Bij een aanslag of ramp: Waarom is de één een held en de ander niet?

Wetenschap
woensdag, 18 november 2015 om 11:44
welingelichtekringen header 1
  Na de aanslagen in Beiroet en Parijs kwamen de verhalen. Hoe twee mannen zich hadden opgeofferd om het leven van anderen te redden. Zo was er Adel Termos die zich in Beiroet op een zelfmoordterrorist met een bomgordel stortte, en er was Ludovico Boumbas die kogels opving voor zijn vriendin. Twee 'gewone' mannen, twee absolute helden, zo oordeelt de wereld. De vraag is: toonden deze mensen zulke dapperheid? Wat de helden in die laatste momenten dachten, zullen we nooit meer weten en is niet te onderzoeken. David Rand van de Yale universiteit keek daarom naar uitspraken van mensen van over de hele wereld die bij een ramp of een aanslag heldhaftig hadden gehandeld. Hij zocht daarbij naar tekenen die wezen op ofwel het zorgvuldig overwogen hebben van een daad dan wel het gehandeld hebben vanuit intuïtie. Bij ongeveer 90% van de gevallen bleek het heldhaftig handelen te zijn voortgekomen uit intuïtie en instinct. De meesten helden vertelden in een fractie van een seconde te hebben geweten wat te doen, ook al riskeerden ze daarmee hun eigen leven. Volgens Rand hebben onze hersenen twee standen, een snelle denkstand en een langzame denkstand. Langzaam denken gaat bewust, analytisch en logisch.
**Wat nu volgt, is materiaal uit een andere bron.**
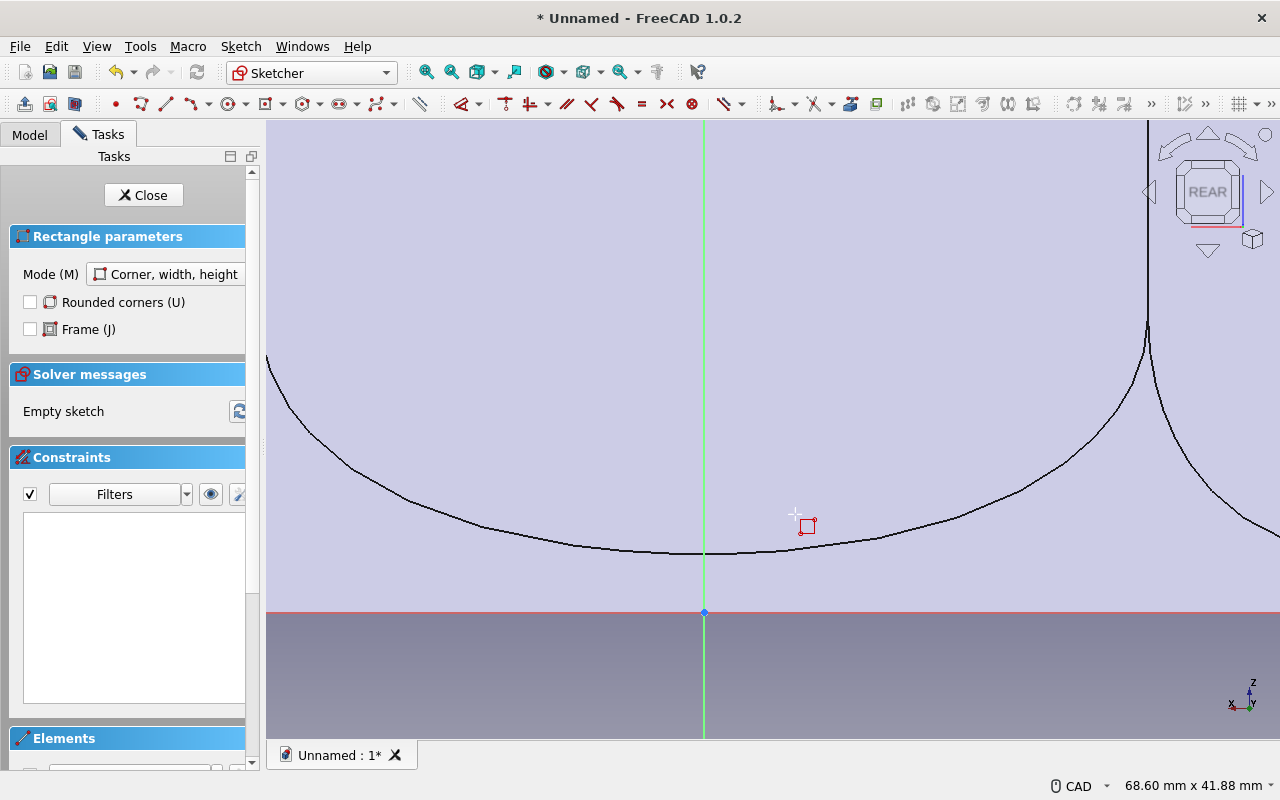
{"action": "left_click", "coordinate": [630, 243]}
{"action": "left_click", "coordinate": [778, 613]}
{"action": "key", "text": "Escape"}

Snel denken omvat de automatische piloot, die direct kan reageren. Waarschijnlijk zaten de helden die tijdens de aanslagen hun altruïsme toonden in de snelle stand en waren ze in hun dagelijks leven al 'helden' en gewend om anderen te helpen - het helpen was deel van hun automatische piloot. Mensen met deze 'standaardinstelling' zijn mogelijk ook empathischer, impulsiever en gevoeliger voor de emoties van anderen, aldus Rand: 'We kunnen allemaal leren van deze helden. Als het je gewoonte wordt om anderen te helpen, wordt dat je standaardhouding. Je cultiveert in feite die goede eigenschappen, ze worden je tweede natuur'.